● Records provided
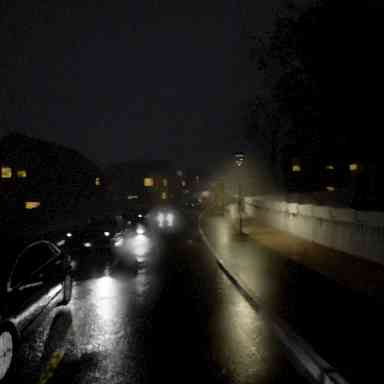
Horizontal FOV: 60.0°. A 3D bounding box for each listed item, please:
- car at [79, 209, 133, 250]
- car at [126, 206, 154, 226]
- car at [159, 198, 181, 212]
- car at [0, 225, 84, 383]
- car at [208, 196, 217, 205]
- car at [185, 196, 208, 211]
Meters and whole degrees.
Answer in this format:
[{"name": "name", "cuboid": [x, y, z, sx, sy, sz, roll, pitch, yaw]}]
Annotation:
[{"name": "car", "cuboid": [-4.063, 1.708, 14.910, 1.895, 1.301, 4.718, -2, 0, -2]}, {"name": "car", "cuboid": [-4.108, 1.701, 24.498, 1.895, 1.301, 4.718, -2, 0, 2]}, {"name": "car", "cuboid": [-2.650, 1.525, 40.152, 2.128, 1.511, 4.902, -2, 0, 9]}, {"name": "car", "cuboid": [-3.308, 1.598, 5.359, 1.837, 1.490, 4.892, -2, 0, -6]}, {"name": "car", "cuboid": [2.567, 1.288, 50.473, 1.994, 1.385, 4.181, -2, 1, 14]}, {"name": "car", "cuboid": [0.424, 1.463, 40.225, 1.994, 1.385, 4.181, -2, 1, 9]}]

● Problem requirements
The answer should match the data above word for word, with no pictures in it.

● Response
Horizontal FOV: 60.0°. A 3D bounding box for each listed item, please:
- car at [79, 209, 133, 250]
- car at [126, 206, 154, 226]
- car at [159, 198, 181, 212]
- car at [0, 225, 84, 383]
- car at [208, 196, 217, 205]
- car at [185, 196, 208, 211]
Meters and whole degrees.
Answer in this format:
[{"name": "name", "cuboid": [x, y, z, sx, sy, sz, roll, pitch, yaw]}]
Annotation:
[{"name": "car", "cuboid": [-4.063, 1.708, 14.910, 1.895, 1.301, 4.718, -2, 0, -2]}, {"name": "car", "cuboid": [-4.108, 1.701, 24.498, 1.895, 1.301, 4.718, -2, 0, 2]}, {"name": "car", "cuboid": [-2.650, 1.525, 40.152, 2.128, 1.511, 4.902, -2, 0, 9]}, {"name": "car", "cuboid": [-3.308, 1.598, 5.359, 1.837, 1.490, 4.892, -2, 0, -6]}, {"name": "car", "cuboid": [2.567, 1.288, 50.473, 1.994, 1.385, 4.181, -2, 1, 14]}, {"name": "car", "cuboid": [0.424, 1.463, 40.225, 1.994, 1.385, 4.181, -2, 1, 9]}]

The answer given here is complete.